The following module was proposed for inclusion in the Module List:
modid: WWW::HtmlUnit::Spidey
DSLIP: adpho
description: Web scraping library, scalable, JS support
userid: NINUZZO (Antonio Bonifati)
chapterid: 15 (World_Wide_Web_HTML_HTTP_CGI)
communities:
similar:
WWW::HtmlUnit::Sweet
rationale:
This module builds upon WWW::HtmlUnit to provide an easy-to-use
interface to the Java web scraping library HtmlUnit. Thus it is
appropriate to put it under the WWW::HtmlUnit namespace.
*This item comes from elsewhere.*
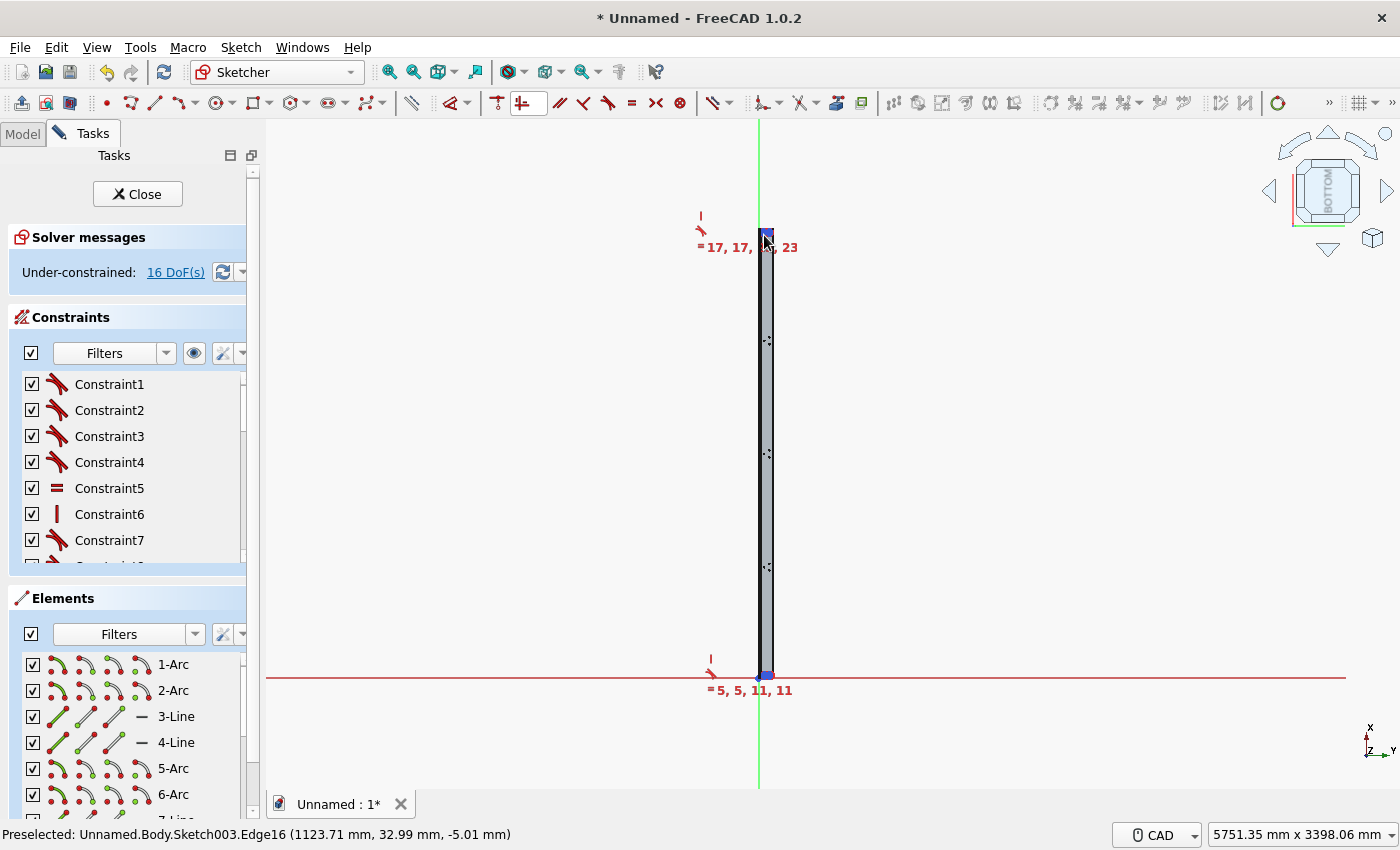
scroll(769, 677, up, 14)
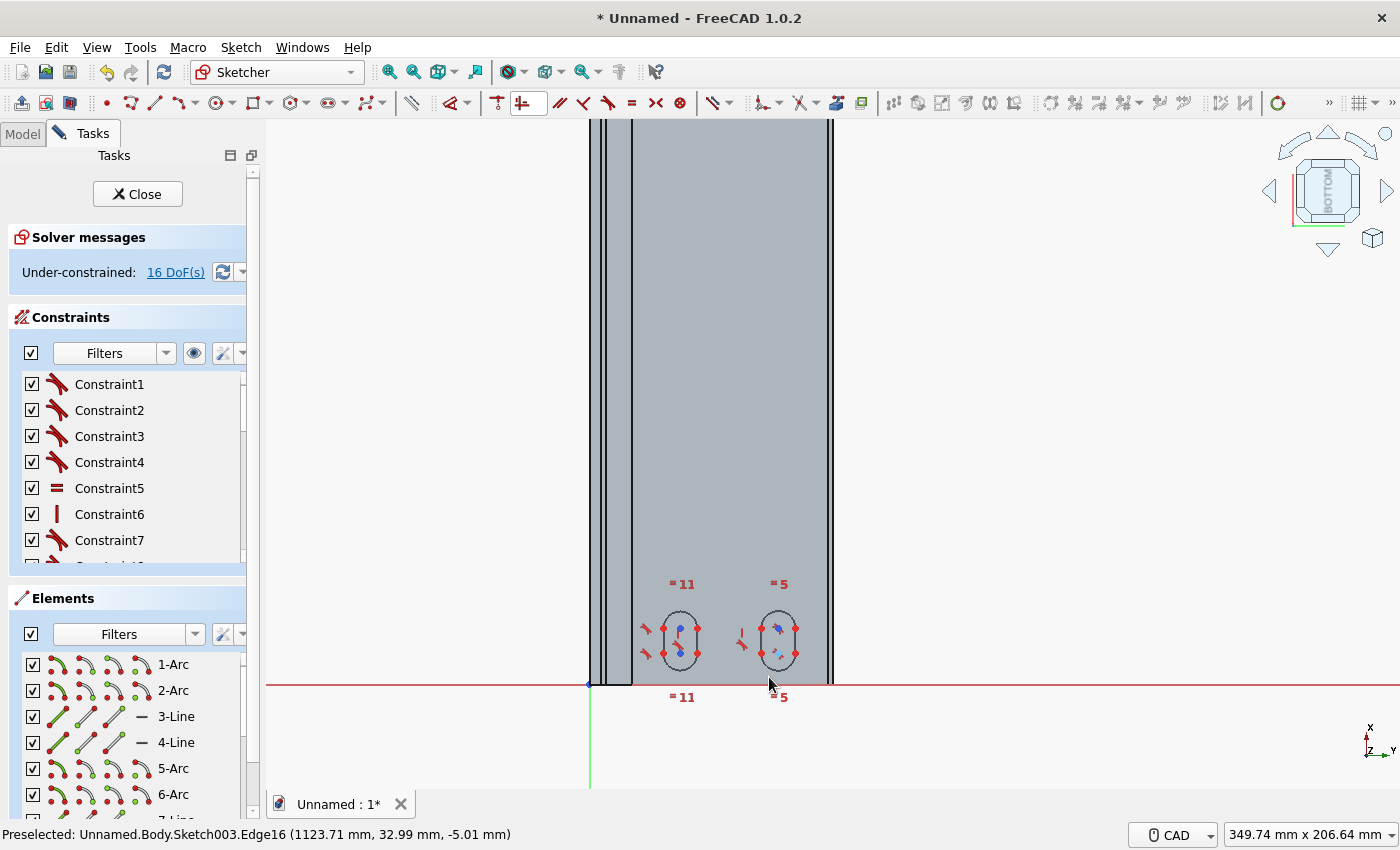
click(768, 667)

My approach was to use multiple programming paradigms (functional,
declarative and object based) to devise a Domain Specific Language
for writing scalable web crawlers with some good JavaScript support,
which ATTOW is lacking in every other Perl web scraping toolkit,
except WWW::HtmlUnit::Sweet.
I have asked Brock Wilcox <[email protected]> for
permission to use his namespace prefix WWW::HtmlUnit and he agreed.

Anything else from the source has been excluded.